▶ _PROBLEM TO SOLVE_: From the first line to the last, repeat the data exactly and drop the pictures.

▶ _EXERCISE DATA_:
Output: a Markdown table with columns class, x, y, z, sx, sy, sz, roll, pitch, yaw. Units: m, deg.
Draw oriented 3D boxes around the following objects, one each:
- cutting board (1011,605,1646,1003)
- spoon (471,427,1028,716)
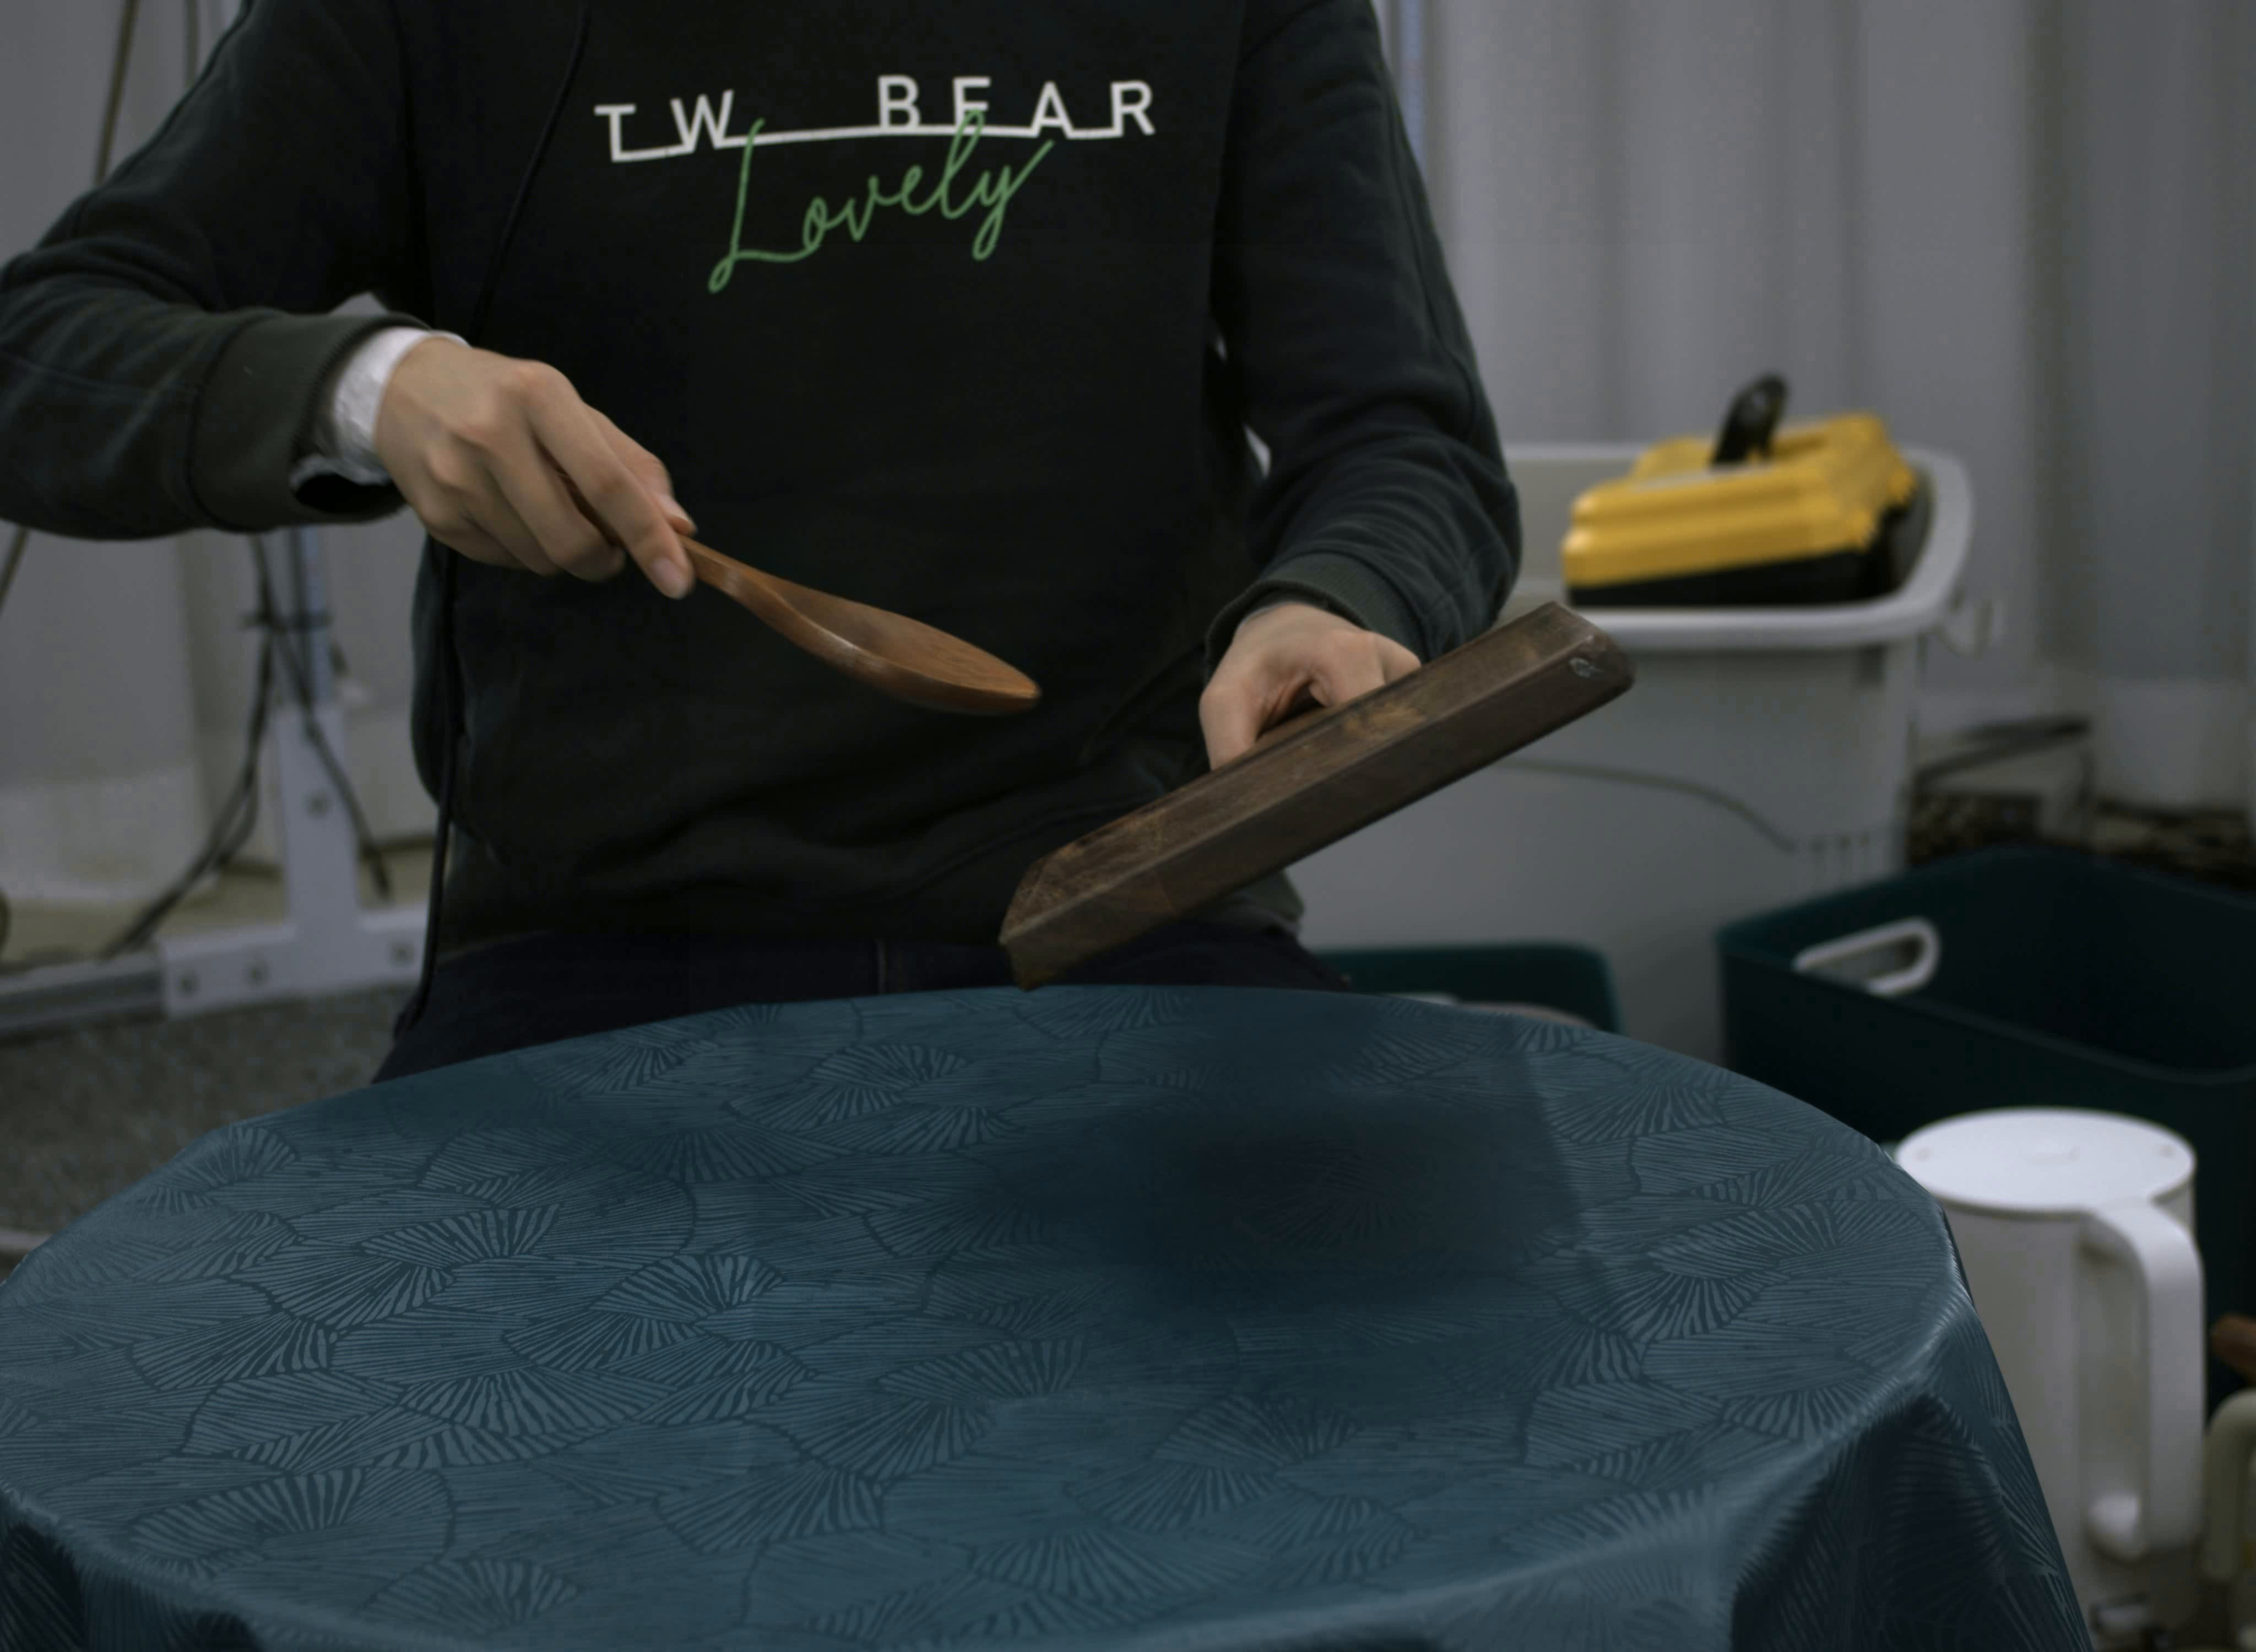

▶ _SOLUTION FOR THIS PROBLEM_:
Output: a Markdown table with columns class, x, y, z, sx, sy, sz, roll, pitch, yaw. Units: m, deg.
Draw oriented 3D boxes around the following objects, one each:
- cutting board (1011,605,1646,1003)
- spoon (471,427,1028,716)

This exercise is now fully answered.